J Clin Endocrinol Metab. 2016 Dec 1:jc20163590. [Epub ahead of print]

Lower Death Risk for Vascular Dementia than for Alzheimer’s Disease with Postmenopausal Hormone Therapy Users.

Author information

  • 11 University of Helsinki and Helsinki University Hospital, Obstetrics and Gynecology, Haartmaninkatu 2, 00029 Helsinki, Finland.
  • 22 Folkhälsan Research Center, Biomedicum, Haartmaninkatu 8, 00029 Helsinki, Finland.
  • 33 EPID Research Oy, Metsänneidonkuja 12, 02130 Espoo, Finland.
  • 44 National Institute for Health and Welfare, Mannerheimintie 166, 00271 Helsinki, Finland and Karolinska Institute, Department of Neurobiology, Care Sciences and Society, Division of Family Medicine, Stockholm, Sweden.

Abstract

CONTEXT:

There are conflicting data on postmenopausal hormone therapy (HT) and the risk of vascular dementia (VD) and Alzheimer’s disease (AD).

OBJECTIVE:

We analyzed the mortality risk attributable to VD or AD in women with a history of HT use. Design, Patients, Interventions and Main Outcome Measures: A total of 489,105 Finnish women using systemic HT in 1994-2009 were identified from the nationwide drug reimbursement register.
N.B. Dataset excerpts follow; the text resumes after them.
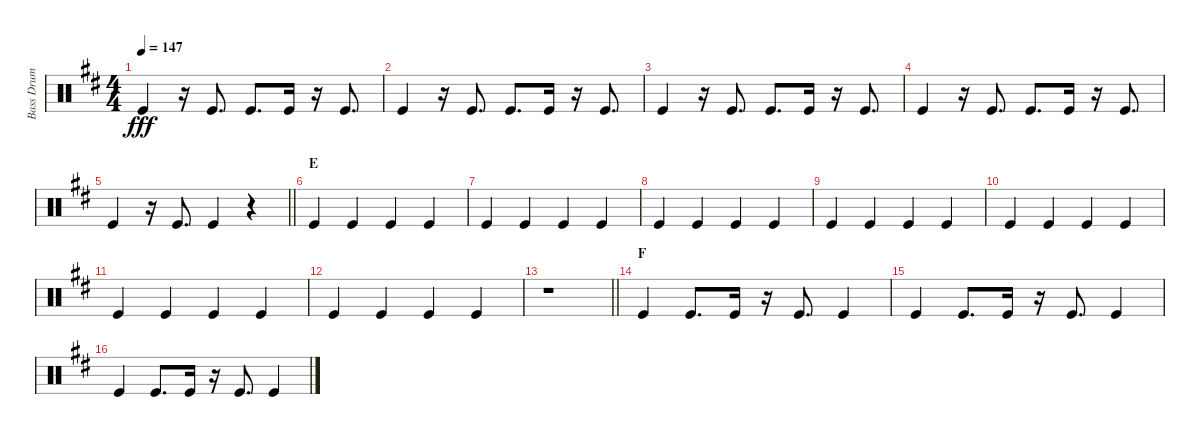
\track ("Bass Drum" "Bass Drum") {instrument percussion}
\staff {score}
\articulation defaults
\ts (4 4)
\tempo 147
\clef neutral
\ks d "Kick (hit)".4{dy fff}
r.16 "Kick (hit)".8{d} "Kick (hit)".8{d} "Kick (hit)".16 r.16 "Kick (hit)".8{d} |
"Kick (hit)".4 r.16 "Kick (hit)".8{d} "Kick (hit)".8{d} "Kick (hit)".16 r.16 "Kick (hit)".8{d} |
"Kick (hit)".4 r.16 "Kick (hit)".8{d} "Kick (hit)".8{d} "Kick (hit)".16 r.16 "Kick (hit)".8{d} |
"Kick (hit)".4 r.16 "Kick (hit)".8{d} "Kick (hit)".8{d} "Kick (hit)".16 r.16 "Kick (hit)".8{d} |
\barLineRight lightlight "Kick (hit)".4
r.16 "Kick (hit)".8{d} "Kick (hit)".4 r.4 |
\section ("" "E")
"Kick (hit)".4 "Kick (hit)".4 "Kick (hit)".4 "Kick (hit)".4 |
"Kick (hit)".4 "Kick (hit)".4 "Kick (hit)".4 "Kick (hit)".4 |
"Kick (hit)".4 "Kick (hit)".4 "Kick (hit)".4 "Kick (hit)".4 |
"Kick (hit)".4 "Kick (hit)".4 "Kick (hit)".4 "Kick (hit)".4 |
"Kick (hit)".4 "Kick (hit)".4 "Kick (hit)".4 "Kick (hit)".4 |
"Kick (hit)".4 "Kick (hit)".4 "Kick (hit)".4 "Kick (hit)".4 |
"Kick (hit)".4 "Kick (hit)".4 "Kick (hit)".4 "Kick (hit)".4 |
\barLineRight lightlight
r.1 |
\section ("" "F")
"Kick (hit)".4 "Kick (hit)".8{d} "Kick (hit)".16 r.16 "Kick (hit)".8{d} "Kick (hit)".4 |
"Kick (hit)".4 "Kick (hit)".8{d} "Kick (hit)".16 r.16 "Kick (hit)".8{d} "Kick (hit)".4 |
"Kick (hit)".4 "Kick (hit)".8{d} "Kick (hit)".16 r.16 "Kick (hit)".8{d} "Kick (hit)".4

Of these women, 581 died of VD and 1057 of AD in 1998-2009. The observed deaths in HT users with <5 or ≥5 years of exposure were compared with those having occurred in the age-standardized female population. Furthermore, we compared the VD or AD death risk of women who had started the use of HT at <60 versus ≥60 years of age.

RESULTS:

The risk of death caused by VD was reduced by 37-39% (<5 or ≥5 years of exposure) with the use of any systemic HT, and this reduction was not associated with the duration or type (estradiol-only or estradiol-progestin combination) of HT. The risk of death caused by AD was not reduced with systemic HT <5 years of use, but was slightly reduced (15%) if the HT exposure had exceeded 5 years. The age at systemic HT initiation of <60 versus ≥60 years did not affect the death risk reductions.

CONCLUSION:

Estradiol-based HT use is associated with a reduced risk of death both from VD and AD, but the risk reduction is larger and appears sooner in VD than AD

About Dr Colin Holloway

Gp interested in natural hormone treatment for men and women of all ages

Posted on July 12, 2017, in Uncategorized. Bookmark the permalink. Leave a comment.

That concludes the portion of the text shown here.